The other shadow hanging over track and field is doping, which has led to Russian athletes being banned from the Rio Games.
Winger said she isn’t frustrated that doping has hogged the spotlight ahead of the Olympics.
“I think it’s good that something gets done and that action is being taken to get cheaters out of our sport,” she said.
Efraimson to compete in 1,500 meters
Camas runner Alexa Efraimson will compete in the 1,500 meters at the Olympic Trials.
The national Junior record holder in the 1,500, Efraimson won her second U.S. junior title in that event last weekend.
The University of Portland freshman, who runs professionally for Nike, has a personal best of 4 minutes, 3.39 seconds set in May 2015 at the Prefontaine Classic.
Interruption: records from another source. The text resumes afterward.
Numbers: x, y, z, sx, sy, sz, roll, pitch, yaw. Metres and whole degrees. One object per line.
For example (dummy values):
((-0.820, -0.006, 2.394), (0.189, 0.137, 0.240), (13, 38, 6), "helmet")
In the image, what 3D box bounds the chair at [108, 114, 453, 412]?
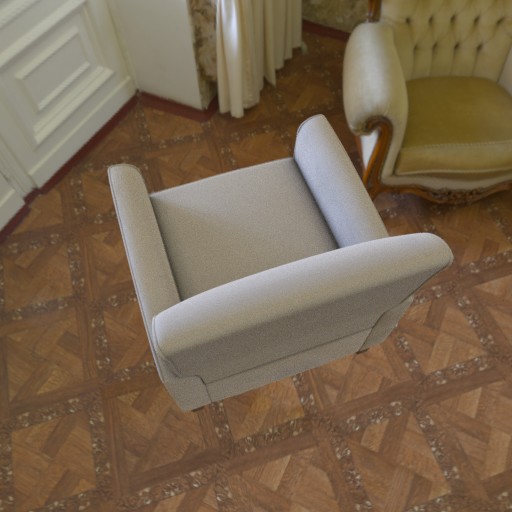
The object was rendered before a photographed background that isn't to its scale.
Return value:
((0.000, 0.000, 1.561), (0.820, 0.915, 0.821), (-17, 61, -10), "chair")

Only three runners in the field, Shannon Rowbury, Jennifer Simpson and Sarah Brown, have faster qualifying marks.
In Eugene, the first round of the women’s 1,500 will be July 7 with the semifinals the following day. The finals will be July 10 with the top three going to Rio.
Efraimson has qualified for the IAAF U20 World Championships July 19-24 in Bydgoszcz, Poland.